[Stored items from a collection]
= = = = = = =
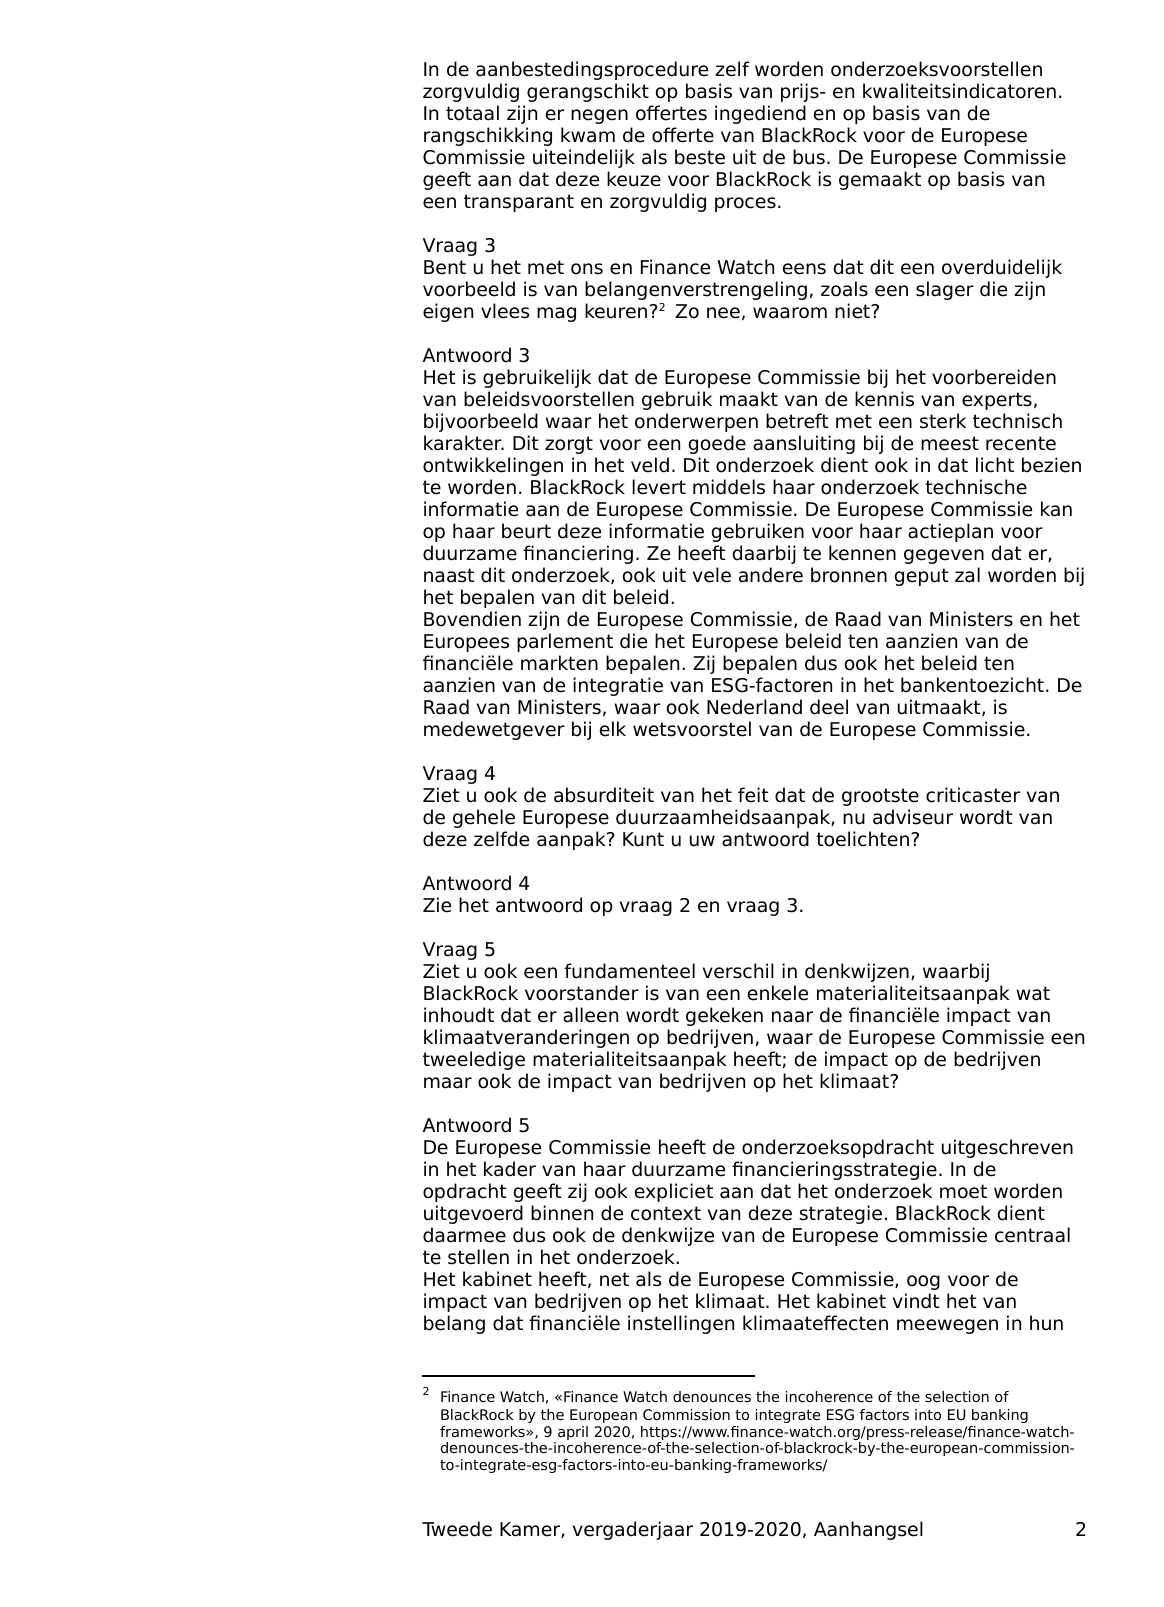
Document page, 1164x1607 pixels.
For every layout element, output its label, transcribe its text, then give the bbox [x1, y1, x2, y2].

text Ziet u ook de absurditeit van het feit dat de grootste criticaster van de gehele Europese duurzaamheidsaanpak, nu adviseur wordt van deze zelfde aanpak? Kunt u uw antwoord toelichten? [422, 785, 1087, 851]
text Vraag 3 [422, 235, 1087, 257]
text Vraag 5 [422, 939, 1087, 961]
text Bent u het met ons en Finance Watch eens dat dit een overduidelijk voorbeeld is van belangenverstrengeling, zoals een slager die zijn eigen vlees mag keuren? Zo nee, waarom niet? [422, 257, 1087, 323]
text Antwoord 5 [422, 1115, 1087, 1137]
text Antwoord 3 [422, 345, 1087, 367]
text Het kabinet heeft, net als de Europese Commissie, oog voor de impact van bedrijven op het klimaat. Het kabinet vindt het van belang dat financiële instellingen klimaateffecten meewegen in hun [422, 1269, 1087, 1335]
text Bovendien zijn de Europese Commissie, de Raad van Ministers en het Europees parlement die het Europese beleid ten aanzien van de financiële markten bepalen. Zij bepalen dus ook het beleid ten aanzien van de integratie van ESG-factoren in het bankentoezicht. De Raad van Ministers, waar ook Nederland deel van uitmaakt, is medewetgever bij elk wetsvoorstel van de Europese Commissie. [422, 609, 1087, 741]
text Zie het antwoord op vraag 2 en vraag 3. [422, 895, 1087, 917]
text Het is gebruikelijk dat de Europese Commissie bij het voorbereiden van beleidsvoorstellen gebruik maakt van de kennis van experts, bijvoorbeeld waar het onderwerpen betreft met een sterk technisch karakter. Dit zorgt voor een goede aansluiting bij de meest recente ontwikkelingen in het veld. Dit onderzoek dient ook in dat licht bezien te worden. BlackRock levert middels haar onderzoek technische informatie aan de Europese Commissie. De Europese Commissie kan op haar beurt deze informatie gebruiken voor haar actieplan voor duurzame financiering. Ze heeft daarbij te kennen gegeven dat er, naast dit onderzoek, ook uit vele andere bronnen geput zal worden bij het bepalen van dit beleid. [422, 367, 1087, 609]
text Antwoord 4 [422, 873, 1087, 895]
text Finance Watch, «Finance Watch denounces the incoherence of the selection of BlackRock by the European Commission to integrate ESG factors into EU banking frameworks», 9 april 2020, https://www.finance-watch.org/press-release/finance-watch-denounces-the-incoherence-of-the-selection-of-blackrock-by-the-european-commission-to-integrate-esg-factors-into-eu-banking-frameworks/ [422, 1385, 1087, 1474]
text De Europese Commissie heeft de onderzoeksopdracht uitgeschreven in het kader van haar duurzame financieringsstrategie. In de opdracht geeft zij ook expliciet aan dat het onderzoek moet worden uitgevoerd binnen de context van deze strategie. BlackRock dient daarmee dus ook de denkwijze van de Europese Commissie centraal te stellen in het onderzoek. [422, 1137, 1087, 1269]
text Ziet u ook een fundamenteel verschil in denkwijzen, waarbij BlackRock voorstander is van een enkele materialiteitsaanpak wat inhoudt dat er alleen wordt gekeken naar de financiële impact van klimaatveranderingen op bedrijven, waar de Europese Commissie een tweeledige materialiteitsaanpak heeft; de impact op de bedrijven maar ook de impact van bedrijven op het klimaat? [422, 961, 1087, 1093]
text Vraag 4 [422, 763, 1087, 785]
text In de aanbestedingsprocedure zelf worden onderzoeksvoorstellen zorgvuldig gerangschikt op basis van prijs- en kwaliteitsindicatoren. In totaal zijn er negen offertes ingediend en op basis van de rangschikking kwam de offerte van BlackRock voor de Europese Commissie uiteindelijk als beste uit de bus. De Europese Commissie geeft aan dat deze keuze voor BlackRock is gemaakt op basis van een transparant en zorgvuldig proces. [422, 59, 1087, 213]
= = = = = = =
- **EXERCISE DESCRIPTION**: Scan the records above for the lines holding "text Vraag 3 [422, 235, 1087, 257]" and "text Vraag 5 [422, 939, 1087, 961]". Transcribe those two and every line between them word for word, and no others.

- **EXERCISE OUTPUT**:
text Vraag 3 [422, 235, 1087, 257]
text Vraag 5 [422, 939, 1087, 961]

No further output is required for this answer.